Even on a first read of this very familiar text, it seems obvious what the intended outcomes of disciple making should be: disciples should make disciples. That would include Jesus’s “yoke” (his teaching) as well as emulating his lifestyle. Jesus himself guarantees the journey of disciple-making with his personal presence and authority. This is a clear instruction and cannot be avoided by anybody who identifies in any real way with Jesus. Not making disciples would be disowning Jesus himself.

But how on earth could we do it? How do we translate “to follow” in the literal footsteps of a physical Jesus into the following of a resurrected Jesus in such a way that the outcomes will be congruent? How does Jesus guarantee the journey of disciple-making with both his presence and his authority?

 Eph 4:7-13 But to each one of us grace has been given as Christ apportioned it. …. It was he who gave some to be apostles, some to be prophets, some to be evangelists, and some to be pastors and teachers, to prepare God’s people for works of service, so that the body of Christ may be built up until we all reach unity in the faith and in the knowledge of the Son of God and become mature, attaining to the whole measure of the fullness of Christ.

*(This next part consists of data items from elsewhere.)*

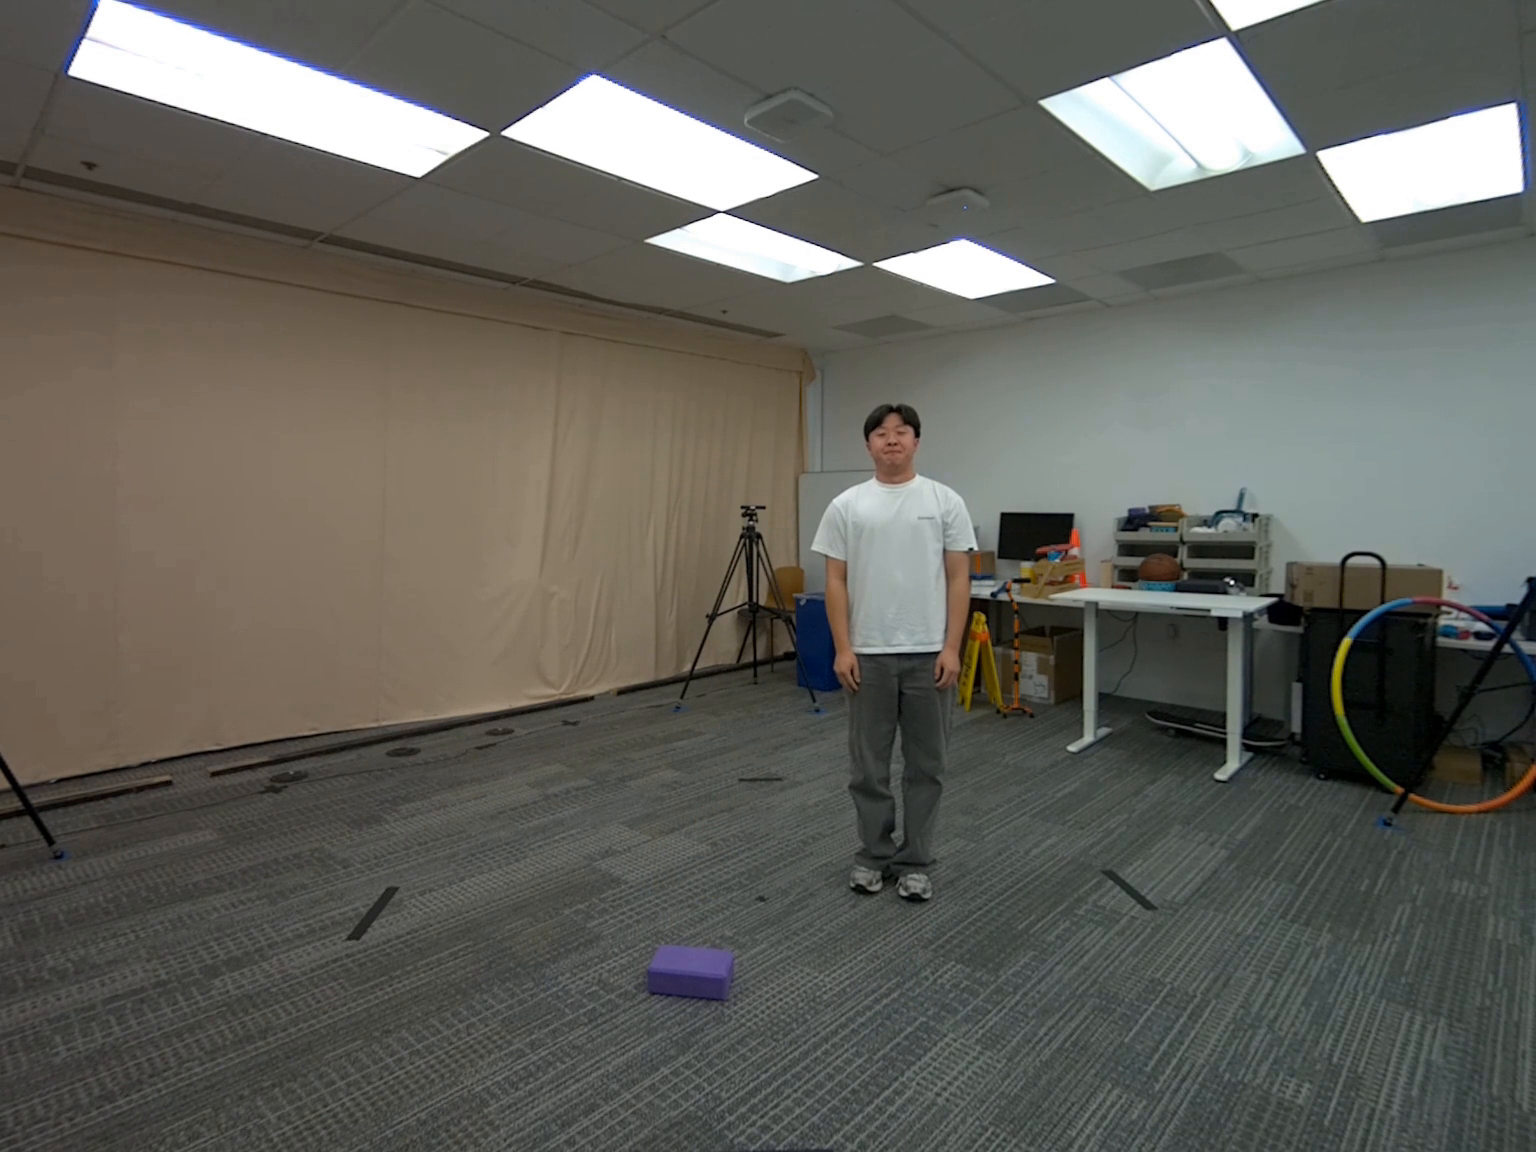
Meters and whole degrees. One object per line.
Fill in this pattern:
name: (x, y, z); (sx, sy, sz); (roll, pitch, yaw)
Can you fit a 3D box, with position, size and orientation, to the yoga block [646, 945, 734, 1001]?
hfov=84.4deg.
yoga block: (-0.214, 1.154, 2.445); (0.232, 0.076, 0.147); (1, 3, 11)
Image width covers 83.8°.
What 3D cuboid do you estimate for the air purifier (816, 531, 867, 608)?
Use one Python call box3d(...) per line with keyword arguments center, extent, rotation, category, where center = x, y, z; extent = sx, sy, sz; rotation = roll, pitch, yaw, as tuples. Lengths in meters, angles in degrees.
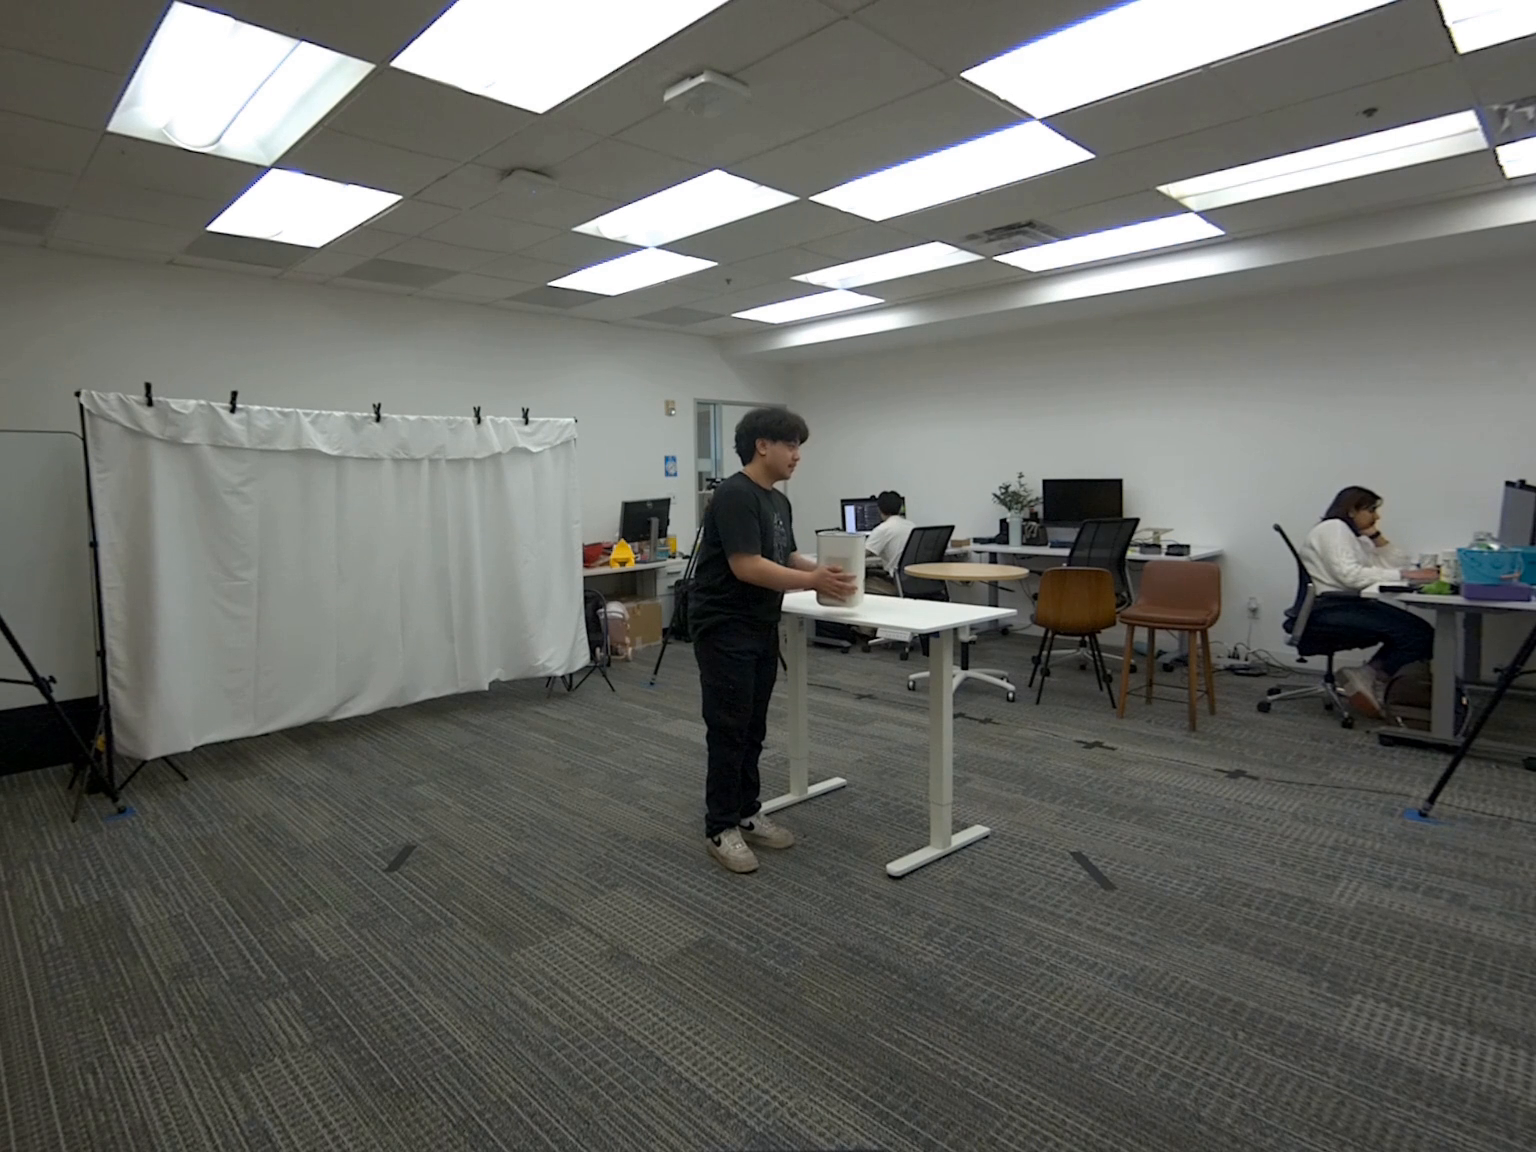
box3d(center=(0.272, -0.024, 3.138), extent=(0.174, 0.264, 0.170), rotation=(1, 6, 13), category="air purifier")
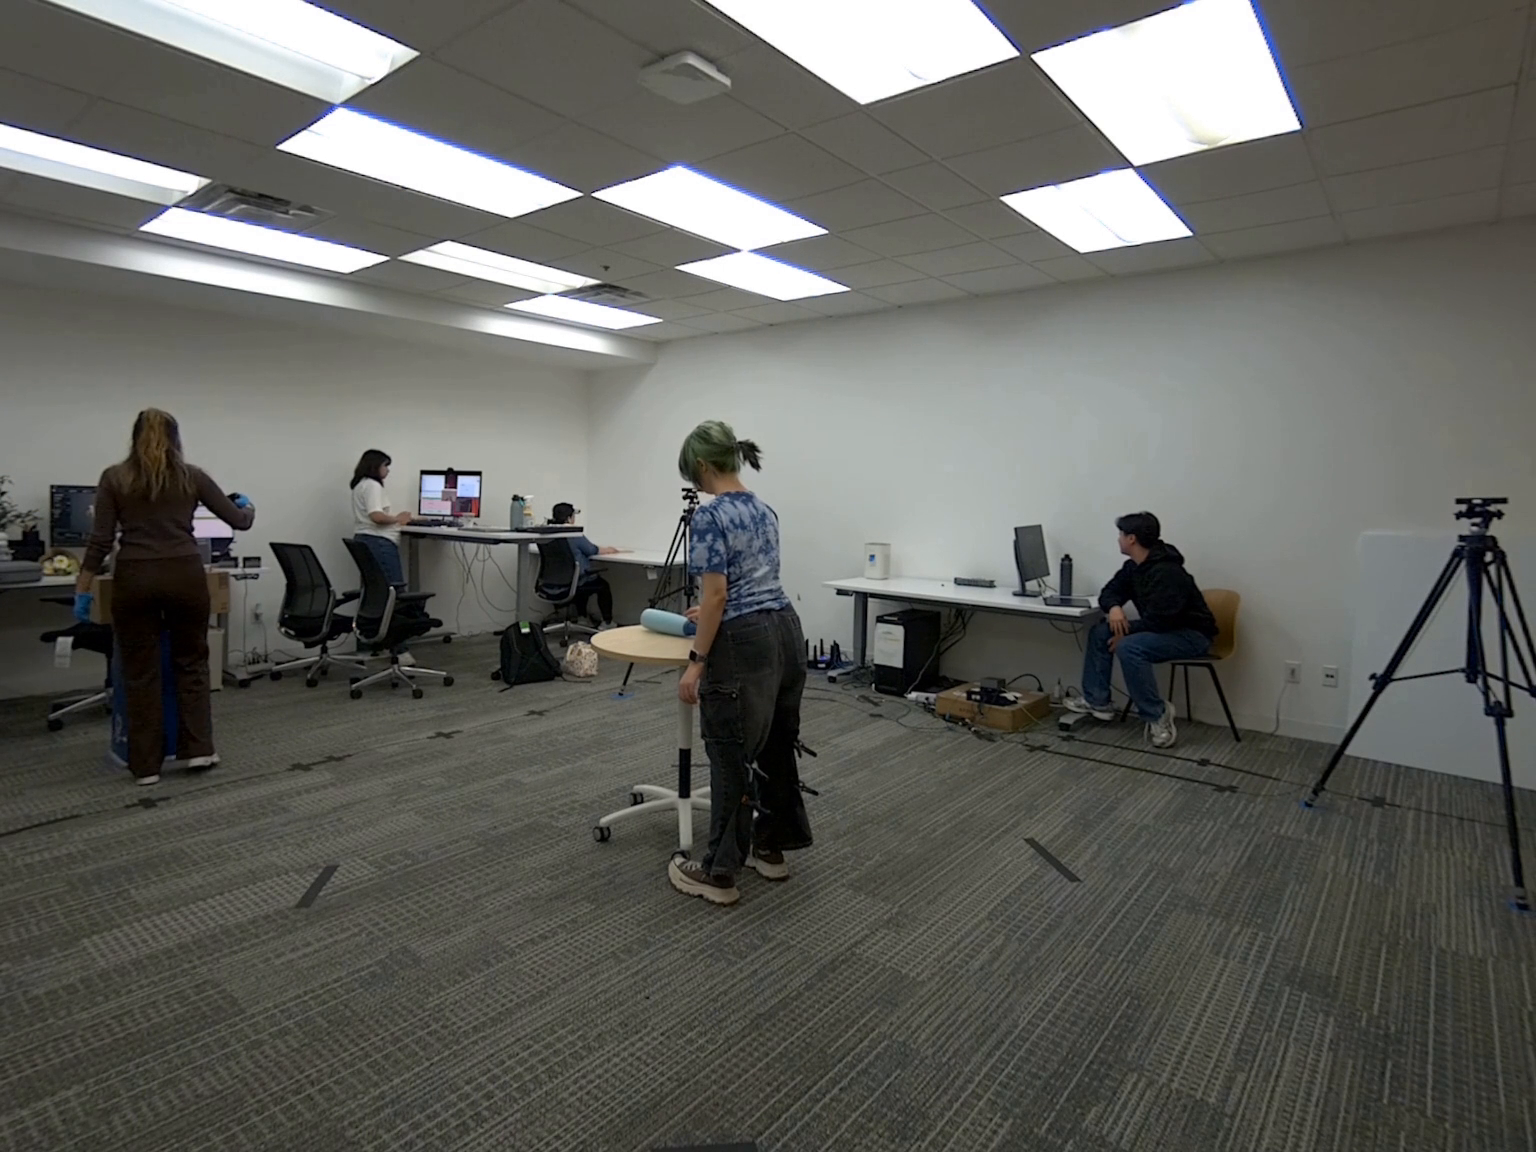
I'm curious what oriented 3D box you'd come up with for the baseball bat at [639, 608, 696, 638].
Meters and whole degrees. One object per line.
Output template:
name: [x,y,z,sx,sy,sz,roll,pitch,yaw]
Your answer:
baseball bat: [-0.314,0.216,3.459,0.562,0.088,0.086,9,9,39]
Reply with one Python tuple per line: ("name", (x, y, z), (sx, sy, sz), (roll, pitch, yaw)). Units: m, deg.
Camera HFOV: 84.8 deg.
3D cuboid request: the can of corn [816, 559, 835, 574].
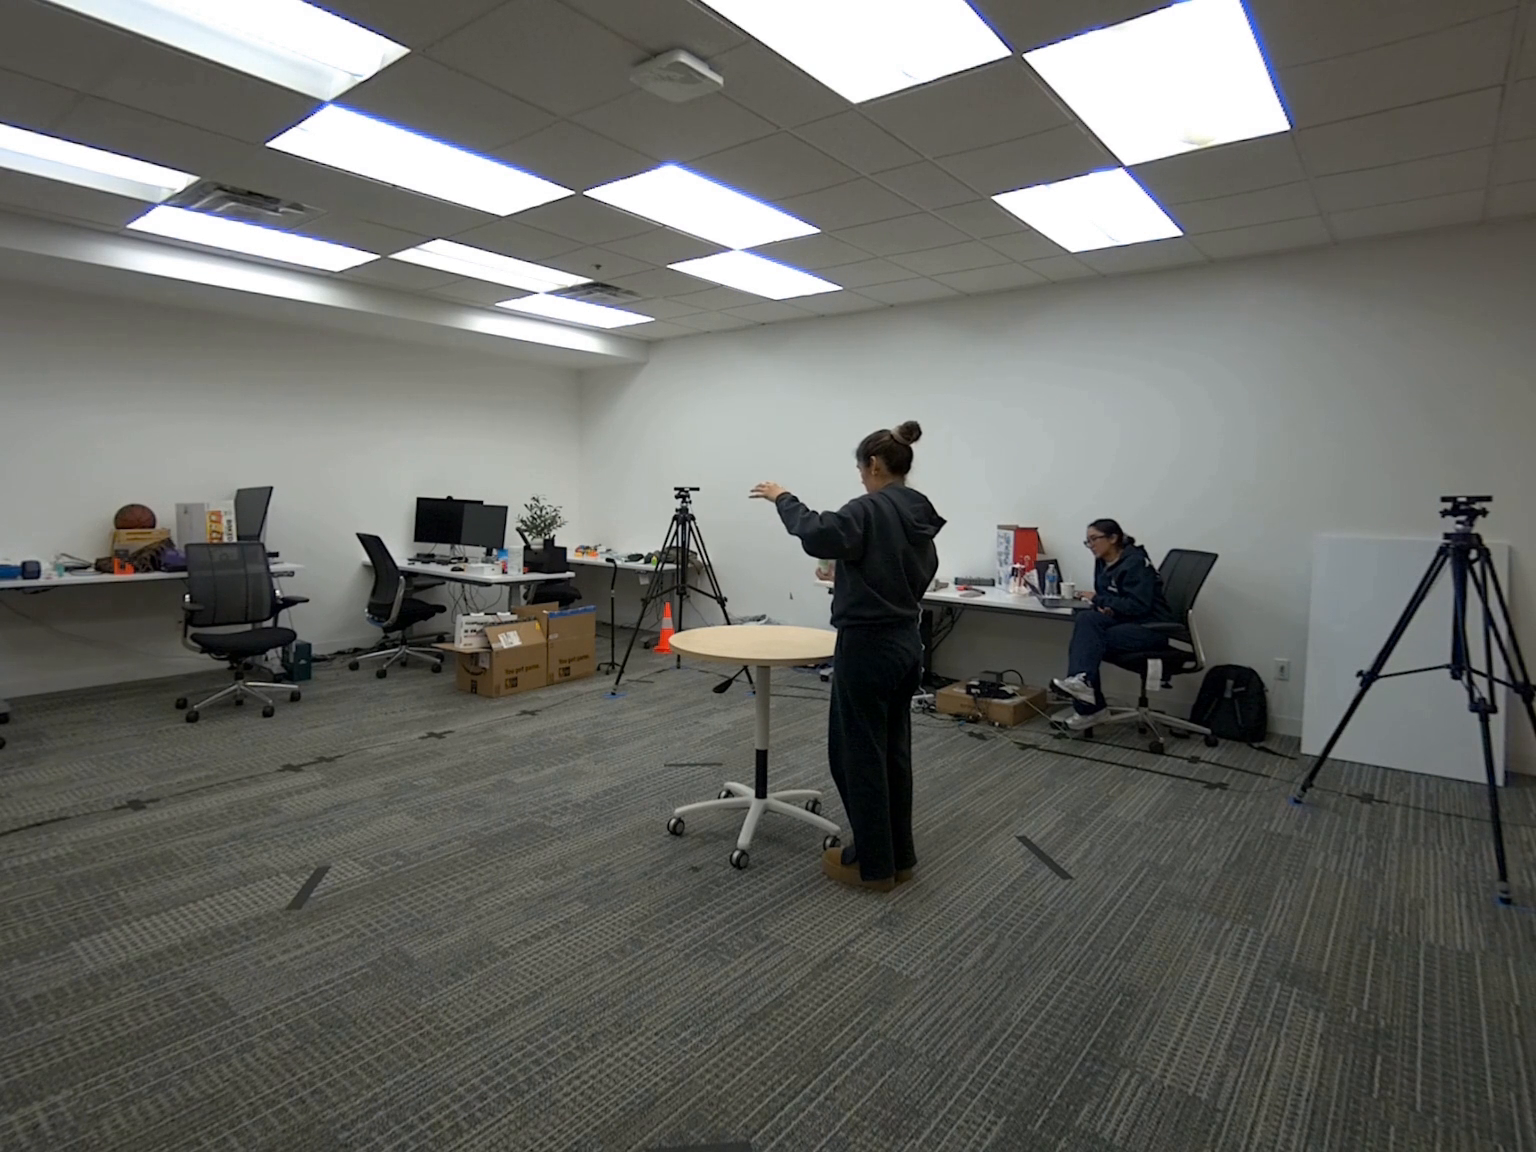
("can of corn", (0.236, -0.074, 3.324), (0.074, 0.110, 0.075), (3, 5, -2))
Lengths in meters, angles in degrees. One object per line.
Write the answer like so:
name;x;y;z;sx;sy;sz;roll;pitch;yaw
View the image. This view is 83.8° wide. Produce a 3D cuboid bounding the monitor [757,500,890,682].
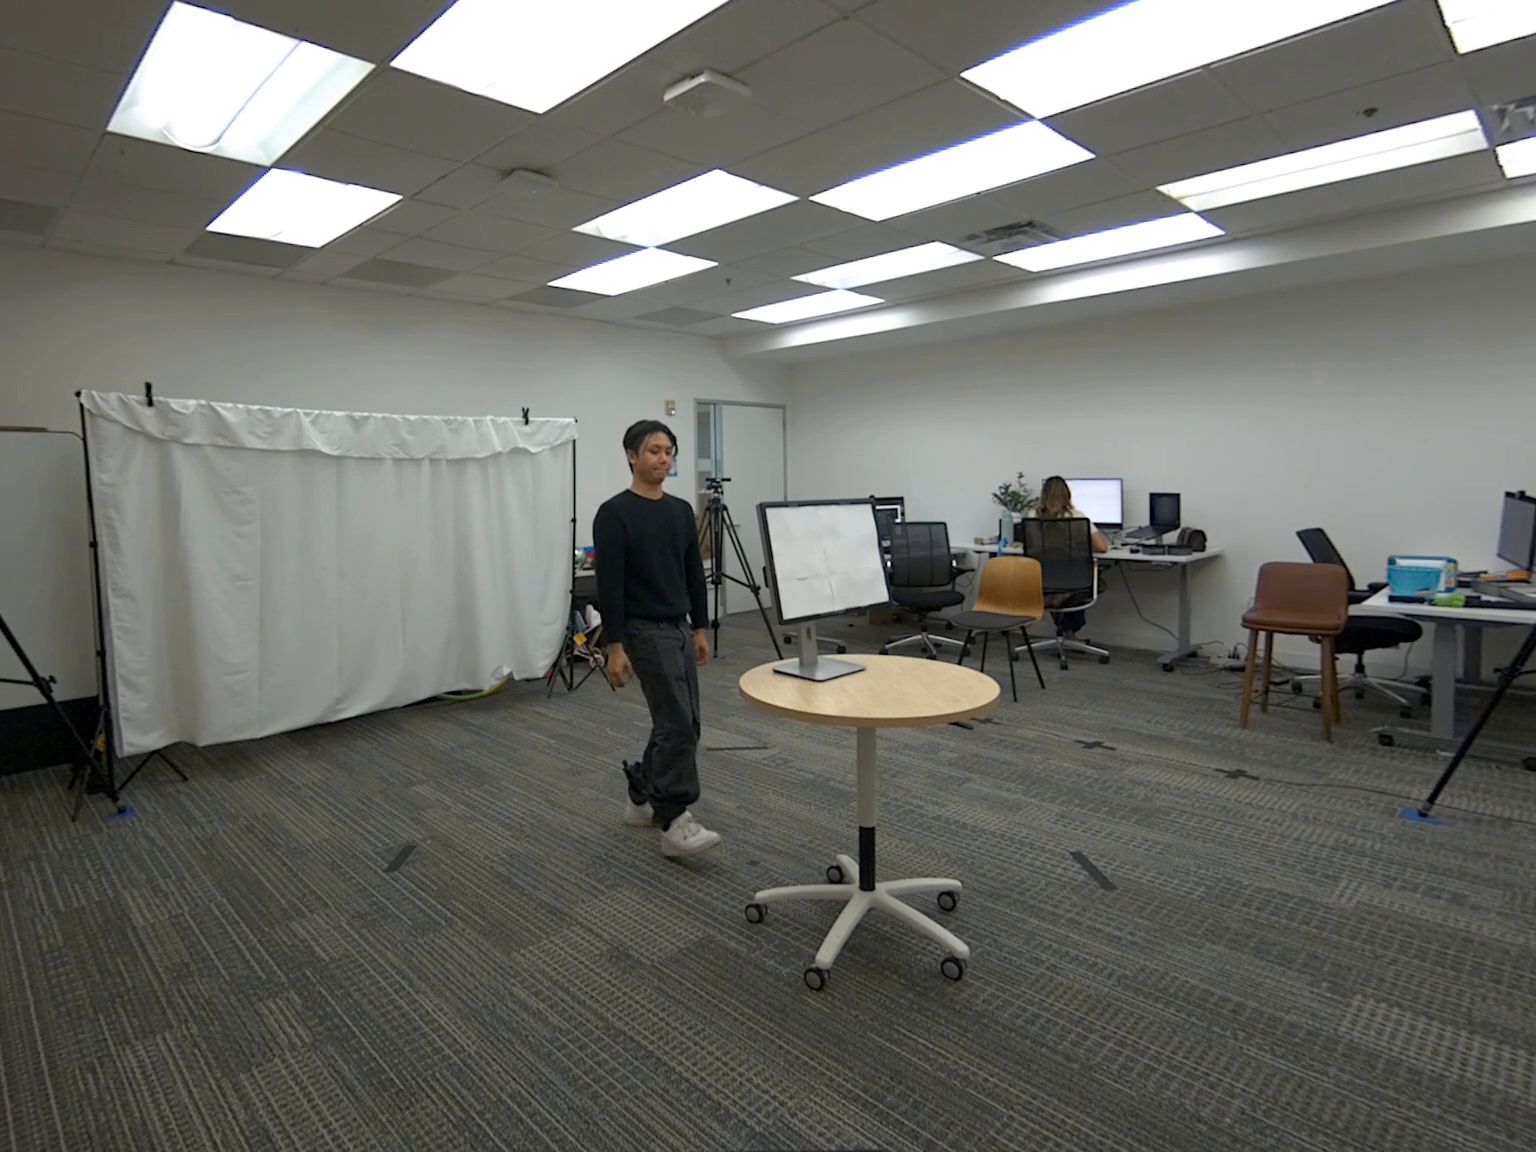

 Ephesians 4 paints a picture of Christ expressing the fullness of his ministry through his body on earth in order to continue his ministry. The way this comes about is through a multiplicity of gifts that together takes responsibility for the effective equipping, that is discipeling of every follower of Jesus. It can be described in the diagram:


 The outcomes for this discipling process are clear:

  •  The body of Christ is equipped for a very specific purpose and this is works of service that in reality belongs fully to Christ.
  • Spiritual maturity is not an end in itself, but preparation for service.
  • The body is discipled towards unity in purpose and function to be able to as one body collectively act out Christ’s ministry.
  • The risen Christ is actively doing works of ministry so that his purposes with the world will be realised. In terms of Jesus’ own definition this is all about Kingdom transformation and the breaking through of the age to come.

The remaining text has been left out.